The inventory at each of these stores varies and changes often, so you have to keep an eye on their sites to catch the best deal.  The best deal often can be found at PowerMax.  But lately Apple has become very competitive with refurbished Macs.

I've purchased most of the Macs that I have owned refurbished.  Each one was just like new and just as reliable (maybe more so) than new.


----------



## ElDiabloConCaca (Jun 11, 2009)

Excellent advice; I second everything Randy said.
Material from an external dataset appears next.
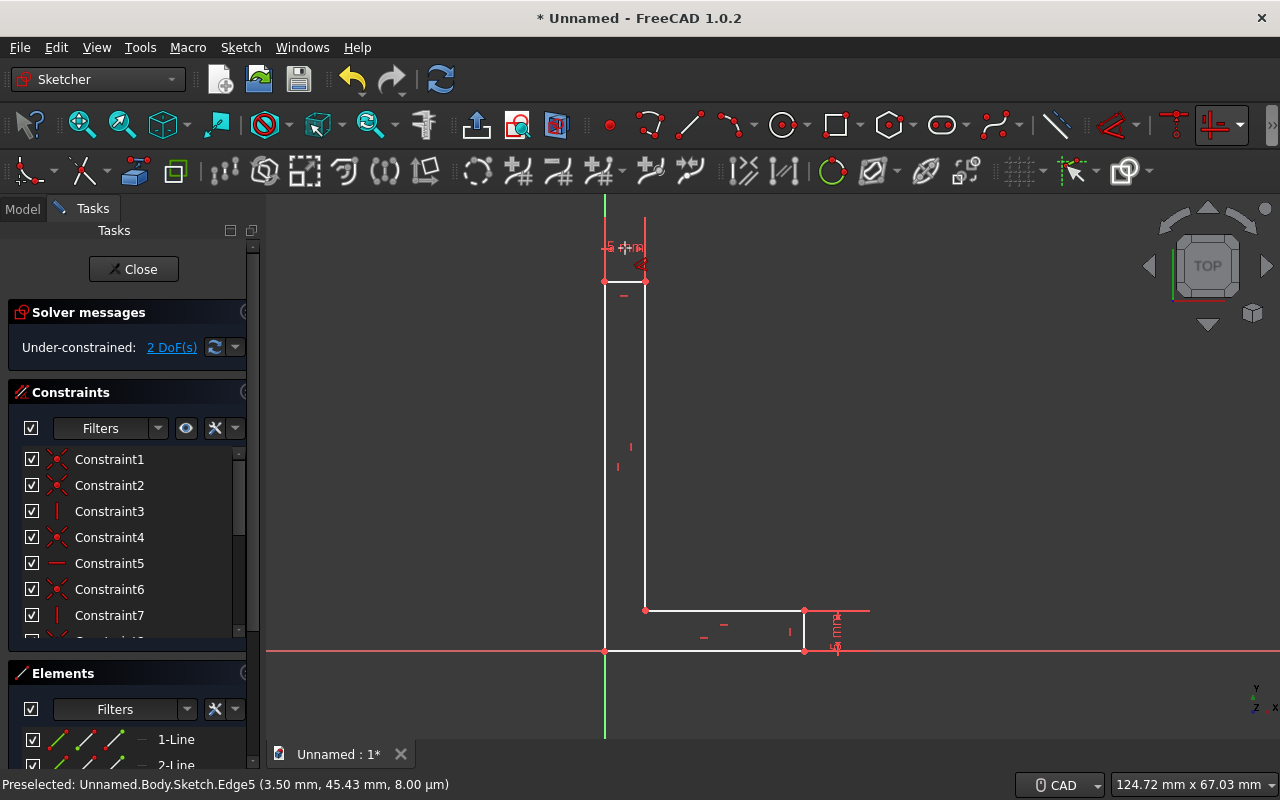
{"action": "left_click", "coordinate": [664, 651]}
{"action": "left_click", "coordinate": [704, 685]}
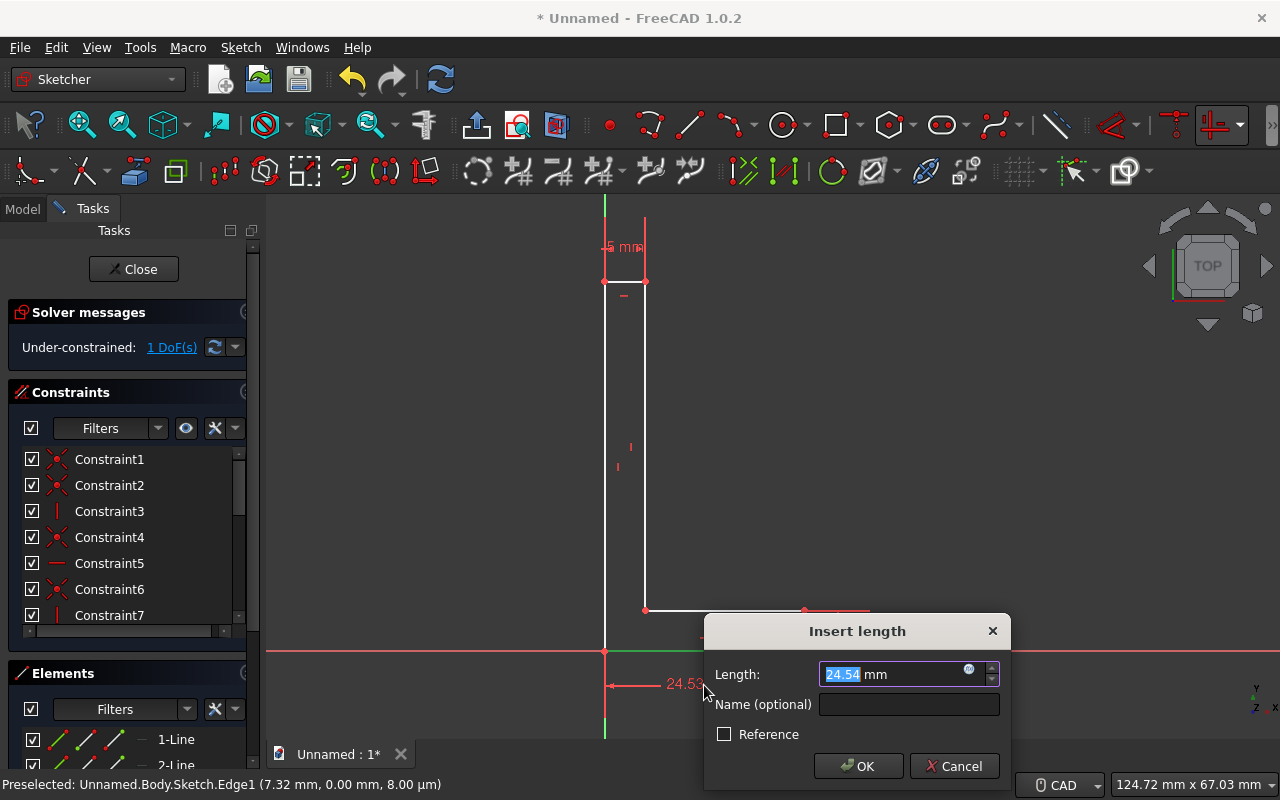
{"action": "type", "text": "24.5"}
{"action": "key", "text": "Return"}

Refurbished Macs are like playing the lottery -- with 9:10 odds.  You're likely to get a brand-new machine that just had a simple part swap-out or some other minor issue, and they come with the same warranty as brand-new Macs (although I don't think you can get AppleCare on a refurbished Mac, can you?).


----------



## Mattbook (Jun 11, 2009)

Actually they are eligible for AppleCare..



> Overview
> Apple Certified Refurbished Products
> 
> - Quality products/great prices
> ...



Also if you qualify for educational pricing (either a student or faculty member) take advantage of that.. Saved about $250 - $300 I think it was on mine that way..


----------



## icemanjc (Jun 11, 2009)

Many of the older ones that I enjoy playing around with are from ebay. However, almost all the recent ones are from the online Apple Store.


----------



## lbj (Jun 11, 2009)

Refurbs have warranties and eligibility (AppleCare) indistinguishable from brand new products. 

But I have to disagree with the "lottery" comparison unless buying any new Mac is a chance/luck scenario with 9-in-10 odds.

I have never received any refurbished product that wasn't pristine in every way.  The ONLY difference is the product packaging...it just isn't glossy and slick.  More likely brown cardboard and shrinkwrap.


----------



## rubaiyat (Jun 13, 2009)

My *brand new* iMac 24" Alum purchased last May had wireless networking fail on me all the time. Apple would give me endless telephone support but no actual repair. Then the powersupply failed in November and after 2 failed attempts to repair both issues, I sent it back and got a replacement iMac.

The new iMac, the wireless networking fails marginally less.

I'd say your chances with or without refurb. are about the same. 

One thing I do recommend is buying AppleCare and getting rid of the Mac before the 3 years is over.


----------



## outaru (Jun 14, 2009)

i get 12% discount on YNZAL my favorite local Apple Destributor


----------